Among those visiting Elon will be soccer star Carli Lloyd, actor BD Wong, astronaut and engineer Leland Melvin, and Elon President Emeritus Leo M. Lambert and Assistant Provost Peter Felten.
Elon University will host an impressive slate of speakers from the sports, entertainment, scientific and academic worlds during the 2021-22 academic year. The theme for this year’s speaker series is “The Power of Relationships,” a hallmark of the Elon community and an important principle in many of the goals of the Boldly Elon strategic plan. The series is presented in partnership with WUNC North Carolina Public Radio.
Featured in this year’s Elon University Speaker Series are soccer star Carli Lloyd, actor BD Wong, astronaut and engineer Leland Melvin, and Elon President Emeritus Leo M. Lambert and Assistant Provost Peter Felten. The series, which centers around the power of relationships, will also include addresses by noted Boston College Professor of Counseling Psychology Belle Liang and Eric Liu, co-founder and CEO of Citizen University.
The university’s full Cultural Calendar, which will be released later this summer, includes additional speakers as well as a wide range of musical, theatrical, artistic and other intellectually engaging events.
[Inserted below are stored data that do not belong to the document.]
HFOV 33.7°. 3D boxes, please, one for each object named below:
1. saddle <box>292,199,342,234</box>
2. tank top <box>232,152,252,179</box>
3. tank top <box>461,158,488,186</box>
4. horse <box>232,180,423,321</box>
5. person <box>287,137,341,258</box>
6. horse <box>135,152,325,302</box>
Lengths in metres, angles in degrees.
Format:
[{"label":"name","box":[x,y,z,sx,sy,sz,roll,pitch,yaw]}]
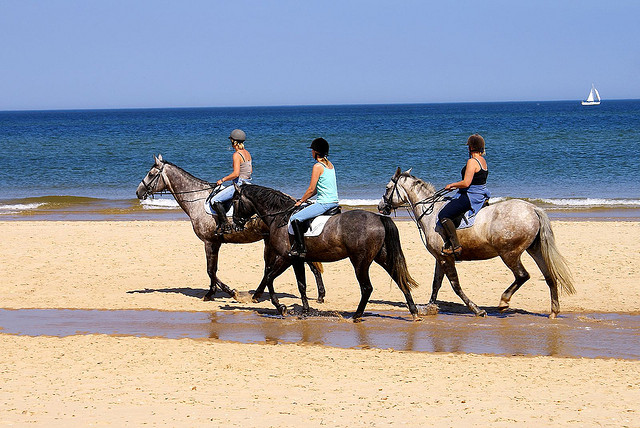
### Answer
[{"label":"saddle","box":[-0.048,0.052,28.620,1.199,0.363,0.821,-16,-34,12]},{"label":"tank top","box":[-2.104,-1.244,29.585,0.419,0.657,0.573,3,7,39]},{"label":"tank top","box":[4.172,-1.074,28.502,0.655,0.753,0.614,7,7,17]},{"label":"horse","box":[0.122,1.039,29.108,5.999,3.489,1.358,2,5,27]},{"label":"person","box":[-0.137,-0.412,28.655,1.348,3.234,1.079,1,8,0]},{"label":"horse","box":[-2.404,0.522,30.397,6.781,4.089,1.779,3,5,29]}]
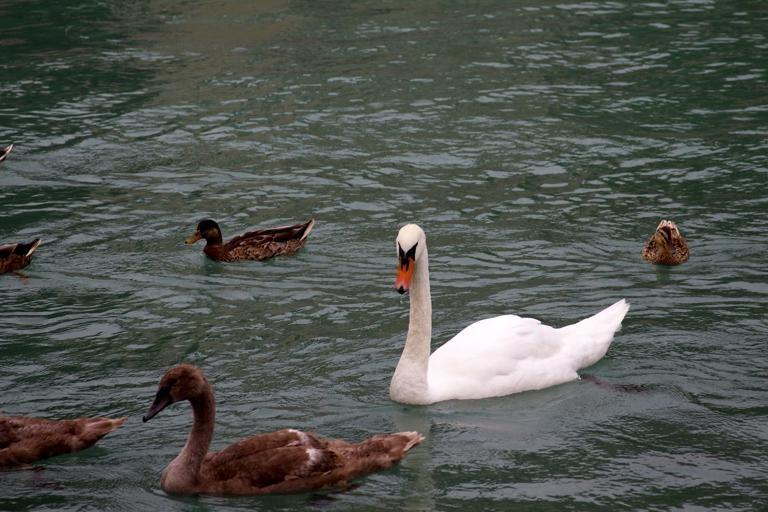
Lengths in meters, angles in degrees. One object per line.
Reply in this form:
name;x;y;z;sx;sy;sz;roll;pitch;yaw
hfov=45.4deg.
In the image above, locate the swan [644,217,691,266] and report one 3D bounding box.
swan;5.565;-0.299;17.972;1.174;0.588;1.132;0;22;12
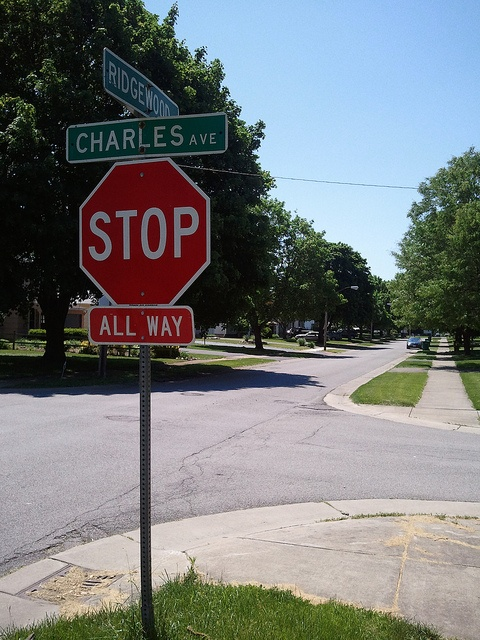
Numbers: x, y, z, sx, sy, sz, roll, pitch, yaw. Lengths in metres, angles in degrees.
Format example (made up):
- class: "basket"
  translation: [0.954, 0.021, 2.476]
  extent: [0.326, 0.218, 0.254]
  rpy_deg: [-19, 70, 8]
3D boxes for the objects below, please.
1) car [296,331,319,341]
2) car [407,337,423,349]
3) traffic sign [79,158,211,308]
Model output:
- class: "car"
  translation: [7.980, 2.365, 80.949]
  extent: [2.400, 1.298, 1.575]
  rpy_deg: [1, 7, -6]
- class: "car"
  translation: [16.789, 2.248, 66.441]
  extent: [0.809, 0.805, 2.116]
  rpy_deg: [-2, -6, 16]
- class: "traffic sign"
  translation: [-0.557, -0.496, 3.963]
  extent: [0.838, 0.761, 0.081]
  rpy_deg: [1, 0, 26]
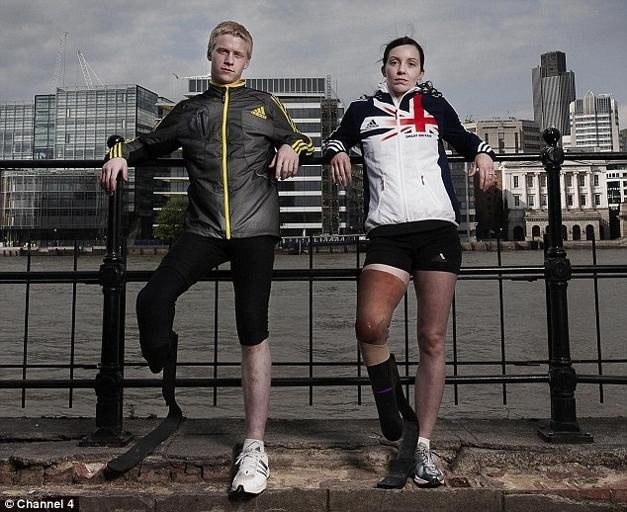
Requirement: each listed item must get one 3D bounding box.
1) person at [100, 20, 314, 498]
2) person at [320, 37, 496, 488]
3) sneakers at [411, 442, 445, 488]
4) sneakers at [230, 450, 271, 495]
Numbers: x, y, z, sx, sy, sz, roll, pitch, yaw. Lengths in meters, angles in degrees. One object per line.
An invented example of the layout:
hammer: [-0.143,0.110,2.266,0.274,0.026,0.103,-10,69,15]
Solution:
person: [-0.579,-0.037,6.026,1.180,2.814,0.784,-2,3,0]
person: [0.598,-0.008,6.034,0.969,2.684,0.707,-2,3,-7]
sneakers: [0.674,1.232,5.853,0.189,0.232,0.209,-1,3,3]
sneakers: [-0.380,1.262,5.774,0.225,0.248,0.223,-2,3,-4]
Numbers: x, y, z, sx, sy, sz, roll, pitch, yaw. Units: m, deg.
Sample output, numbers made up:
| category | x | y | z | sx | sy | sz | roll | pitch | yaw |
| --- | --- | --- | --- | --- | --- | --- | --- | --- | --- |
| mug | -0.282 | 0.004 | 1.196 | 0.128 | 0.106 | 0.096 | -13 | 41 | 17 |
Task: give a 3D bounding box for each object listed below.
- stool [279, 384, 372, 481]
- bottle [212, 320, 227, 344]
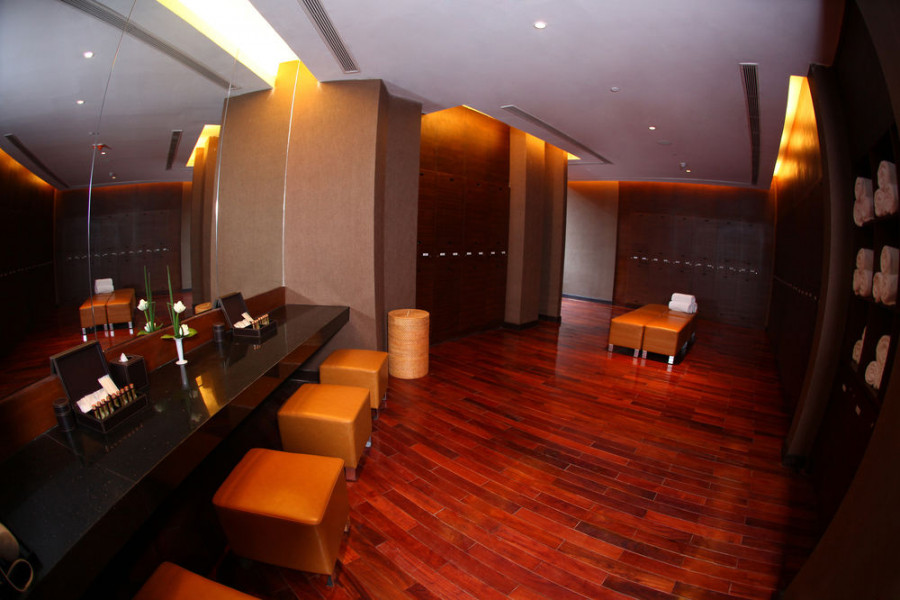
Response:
| category | x | y | z | sx | sy | sz | roll | pitch | yaw |
| --- | --- | --- | --- | --- | --- | --- | --- | --- | --- |
| stool | -0.969 | 0.998 | 4.614 | 0.710 | 0.599 | 0.718 | 2 | 7 | 16 |
| bottle | -1.959 | 0.281 | 4.644 | 0.133 | 0.200 | 0.125 | -2 | 6 | 0 |
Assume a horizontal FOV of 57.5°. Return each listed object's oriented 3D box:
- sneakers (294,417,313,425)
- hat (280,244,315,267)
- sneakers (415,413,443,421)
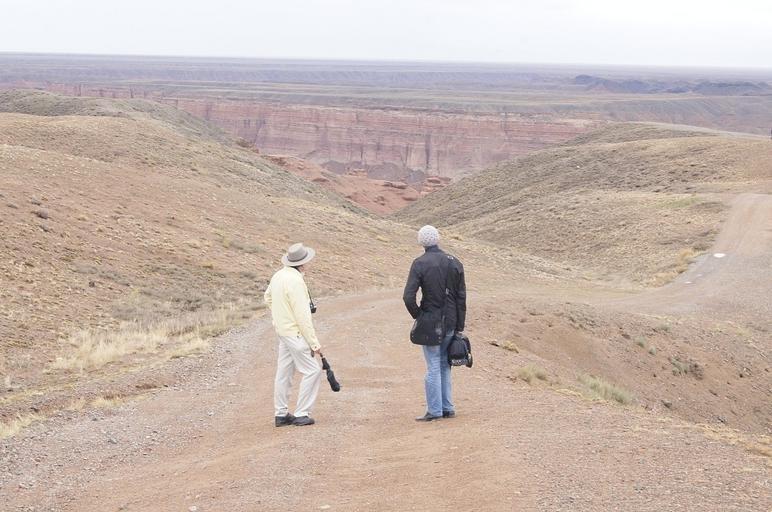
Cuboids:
[{"bbox_3d":[-1.669,3.319,14.231,0.539,0.133,0.146,0,4,-8],"label":"sneakers"},{"bbox_3d":[-1.688,0.010,14.187,0.692,0.174,0.587,15,40,31],"label":"hat"},{"bbox_3d":[0.856,3.296,14.472,0.632,0.142,0.170,2,-3,0],"label":"sneakers"}]
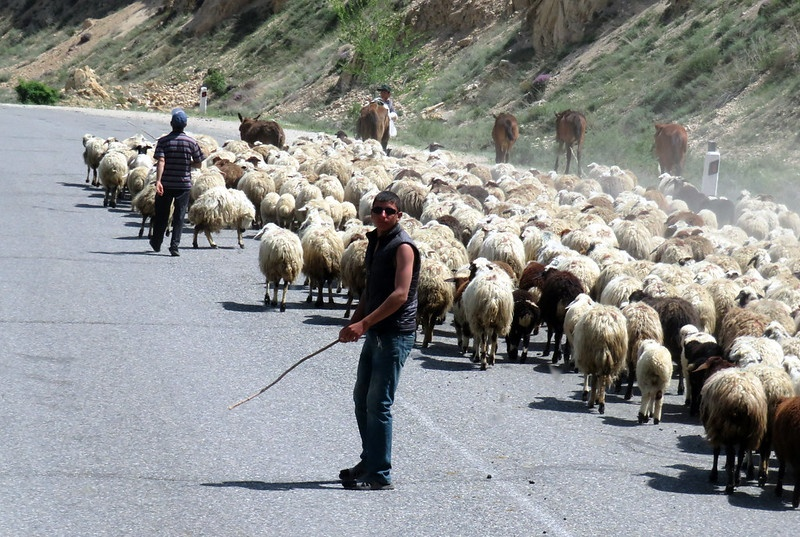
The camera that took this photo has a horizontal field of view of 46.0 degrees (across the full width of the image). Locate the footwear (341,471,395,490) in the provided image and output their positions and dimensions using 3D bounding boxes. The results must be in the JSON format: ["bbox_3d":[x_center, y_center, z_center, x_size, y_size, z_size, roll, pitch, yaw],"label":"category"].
[{"bbox_3d":[-0.360,2.322,10.413,0.549,0.171,0.188,3,-4,-2],"label":"footwear"}]

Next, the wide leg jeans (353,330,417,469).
[{"bbox_3d":[-0.236,1.444,10.372,0.577,1.571,0.379,7,6,4],"label":"wide leg jeans"}]

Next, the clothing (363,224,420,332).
[{"bbox_3d":[-0.114,0.097,10.396,0.721,1.186,0.466,8,6,15],"label":"clothing"}]

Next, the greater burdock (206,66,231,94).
[{"bbox_3d":[-13.021,-13.355,67.338,1.738,2.106,3.180,5,5,-12],"label":"greater burdock"}]
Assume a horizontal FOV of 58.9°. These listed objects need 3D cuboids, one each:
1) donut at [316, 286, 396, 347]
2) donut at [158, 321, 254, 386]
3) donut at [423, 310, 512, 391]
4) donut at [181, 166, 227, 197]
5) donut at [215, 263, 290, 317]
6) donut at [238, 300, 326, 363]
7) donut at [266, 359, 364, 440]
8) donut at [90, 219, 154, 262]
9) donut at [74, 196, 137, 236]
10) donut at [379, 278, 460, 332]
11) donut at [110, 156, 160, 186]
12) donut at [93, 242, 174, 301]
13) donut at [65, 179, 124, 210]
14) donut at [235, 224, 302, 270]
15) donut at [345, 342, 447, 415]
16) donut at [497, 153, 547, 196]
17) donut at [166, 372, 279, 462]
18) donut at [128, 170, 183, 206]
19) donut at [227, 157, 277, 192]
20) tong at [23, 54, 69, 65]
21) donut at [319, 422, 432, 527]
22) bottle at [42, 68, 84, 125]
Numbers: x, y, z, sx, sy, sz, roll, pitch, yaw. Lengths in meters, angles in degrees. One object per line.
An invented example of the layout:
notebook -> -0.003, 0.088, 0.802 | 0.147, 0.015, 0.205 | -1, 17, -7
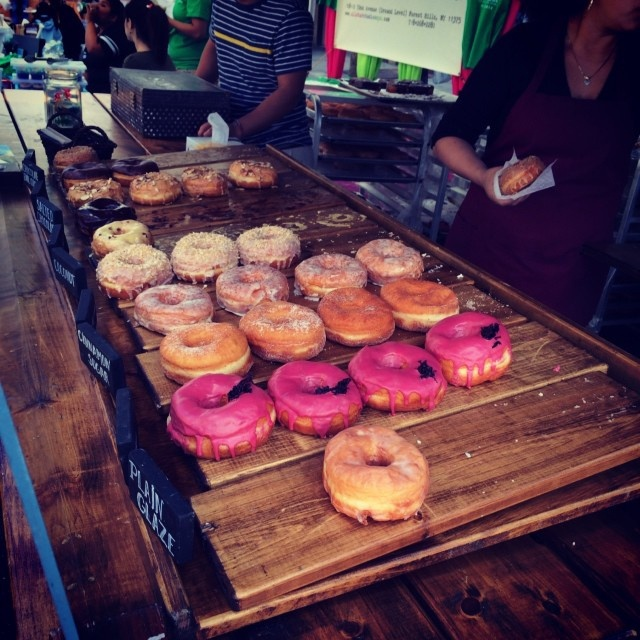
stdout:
donut -> 0.097, -0.022, 1.700 | 0.227, 0.058, 0.182 | -9, 30, -18
donut -> -0.318, 0.078, 1.504 | 0.218, 0.082, 0.201 | -20, 40, -35
donut -> 0.383, 0.073, 1.578 | 0.289, 0.116, 0.248 | 16, 32, 20
donut -> -0.544, -0.635, 2.640 | 0.199, 0.104, 0.113 | -4, 34, -8
donut -> -0.221, -0.121, 1.847 | 0.246, 0.070, 0.228 | 17, 39, 19
donut -> -0.120, 0.008, 1.653 | 0.282, 0.071, 0.226 | 6, 14, -17
donut -> -0.010, 0.172, 1.366 | 0.249, 0.075, 0.193 | 3, 41, 9
donut -> -0.719, -0.312, 2.048 | 0.201, 0.059, 0.170 | -1, 31, -4
donut -> -0.843, -0.425, 2.210 | 0.226, 0.065, 0.178 | 3, 31, -3
donut -> 0.334, -0.025, 1.770 | 0.214, 0.169, 0.063 | -9, 37, 6
donut -> -0.877, -0.709, 2.701 | 0.206, 0.056, 0.171 | 4, 22, 5
donut -> -0.614, -0.173, 1.860 | 0.236, 0.084, 0.202 | 0, 29, -6
donut -> -0.955, -0.553, 2.408 | 0.218, 0.057, 0.190 | 4, 21, 4
donut -> -0.189, -0.278, 2.097 | 0.221, 0.075, 0.192 | 12, 29, 19
donut -> 0.190, 0.135, 1.476 | 0.288, 0.088, 0.245 | -1, 29, -4
donut -> 0.807, -0.598, 2.335 | 0.187, 0.156, 0.165 | 29, 43, 34
donut -> -0.224, 0.205, 1.276 | 0.213, 0.128, 0.217 | -23, 40, -32
donut -> -0.730, -0.607, 2.506 | 0.217, 0.074, 0.176 | 0, 28, -2
donut -> -0.330, -0.728, 2.798 | 0.237, 0.099, 0.245 | 5, 32, 7
tong -> -2.682, -2.540, 5.553 | 0.390, 0.092, 0.628 | -11, 32, -20
donut -> 0.111, 0.305, 1.175 | 0.236, 0.072, 0.218 | 4, 25, 2
bottle -> -1.632, -1.359, 3.542 | 0.246, 0.305, 0.201 | -11, 33, -22
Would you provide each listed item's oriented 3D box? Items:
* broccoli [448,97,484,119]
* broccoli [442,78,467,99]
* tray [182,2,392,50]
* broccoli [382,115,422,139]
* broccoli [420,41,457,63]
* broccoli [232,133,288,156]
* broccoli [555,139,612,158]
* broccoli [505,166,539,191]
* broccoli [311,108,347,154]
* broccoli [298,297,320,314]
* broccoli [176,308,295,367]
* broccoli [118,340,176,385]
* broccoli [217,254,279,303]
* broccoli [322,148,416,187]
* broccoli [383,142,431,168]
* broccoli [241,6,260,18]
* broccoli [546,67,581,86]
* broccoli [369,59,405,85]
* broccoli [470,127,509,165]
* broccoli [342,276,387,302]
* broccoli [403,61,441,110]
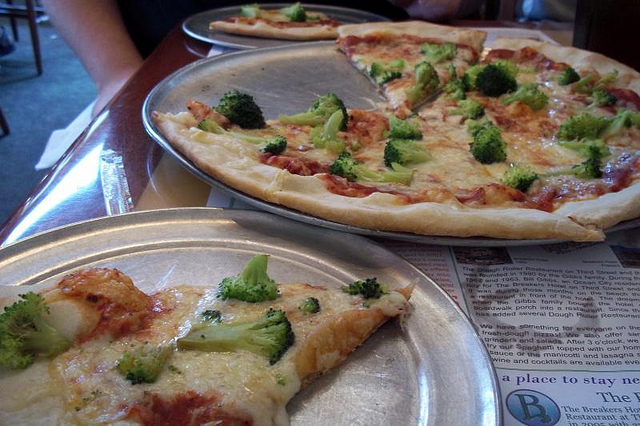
[{"bbox_3d":[1.124,-0.786,3.518,0.251,0.076,0.168,2,50,20],"label":"broccoli"},{"bbox_3d":[1.136,-1.015,3.840,0.228,0.047,0.179,-4,40,1],"label":"broccoli"},{"bbox_3d":[-0.374,-1.964,4.909,2.314,0.281,1.358,-8,24,-14],"label":"tray"},{"bbox_3d":[0.567,-0.593,3.251,0.182,0.112,0.216,-36,61,-22],"label":"broccoli"},{"bbox_3d":[1.143,-1.539,4.453,0.406,0.098,0.326,-1,38,7],"label":"broccoli"},{"bbox_3d":[-0.399,-0.445,3.023,0.315,0.167,0.113,12,57,3],"label":"broccoli"},{"bbox_3d":[1.775,-0.424,3.087,0.082,0.110,0.248,-41,26,-20],"label":"broccoli"},{"bbox_3d":[1.219,-0.210,2.799,0.194,0.106,0.155,-15,32,-3],"label":"broccoli"},{"bbox_3d":[0.118,-0.561,3.202,0.251,0.141,0.336,46,40,-9],"label":"broccoli"},{"bbox_3d":[-0.051,0.404,2.014,0.086,0.035,0.063,-4,15,2],"label":"broccoli"},{"bbox_3d":[-0.338,0.494,1.830,0.381,0.128,0.198,1,16,-4],"label":"broccoli"},{"bbox_3d":[-0.685,0.575,1.790,0.135,0.051,0.164,34,43,7],"label":"broccoli"},{"bbox_3d":[-0.340,0.314,2.067,0.265,0.141,0.203,-12,59,-10],"label":"broccoli"},{"bbox_3d":[0.307,-0.266,2.815,0.464,0.107,0.245,3,28,4],"label":"broccoli"},{"bbox_3d":[0.560,-0.368,2.997,0.291,0.130,0.149,2,25,-10],"label":"broccoli"},{"bbox_3d":[-0.763,-2.191,5.044,0.201,0.050,0.153,8,57,-7],"label":"broccoli"},{"bbox_3d":[2.033,-1.154,3.895,0.247,0.177,0.123,24,71,28],"label":"broccoli"},{"bbox_3d":[0.649,-1.282,4.135,0.274,0.123,0.371,5,26,46],"label":"broccoli"},{"bbox_3d":[1.095,-0.424,3.016,0.241,0.142,0.254,-3,31,4],"label":"broccoli"},{"bbox_3d":[0.207,0.342,2.083,0.151,0.049,0.114,3,12,24],"label":"broccoli"},{"bbox_3d":[0.864,-1.068,3.970,0.334,0.175,0.432,21,75,11],"label":"broccoli"}]

Elon University Speaker Series
Sept. 24 — 2021 Fall Convocation: Carli Lloyd and Danny Madaroski
Schar Center, 3:30 p.m.
A two-time Olympic Gold Medalist and World Cup Champion, soccer legend Carli Lloyd will deliver Elon’s Fall Convocation address in Schar Center. She will be joined by her trainer, Danny Madaroski, who is also a volunteer women’s soccer coach at Thomas Jefferson University in Philadelphia.
The current captain of the U.S. Women’s National Soccer Team, Lloyd has represented the country in the past four Women’s World Cup tournaments and scored the winning goal in the finals of both the 2008 Olympic Games in Beijing and the 2012 Olympic Games in London. She is a two-time recipient and one of only four Americans to be awarded the FIFA World Player of the Year, the most prestigious and highest award in soccer.
Raised in Delran, New Jersey, Lloyd attended Rutgers University and set school records as the all-time leader in points, goals and shots for the Scarlet Knights. She has since been named to the Rutgers Hall of Distinguished Alumni and has been inducted into the New Jersey Hall of Fame.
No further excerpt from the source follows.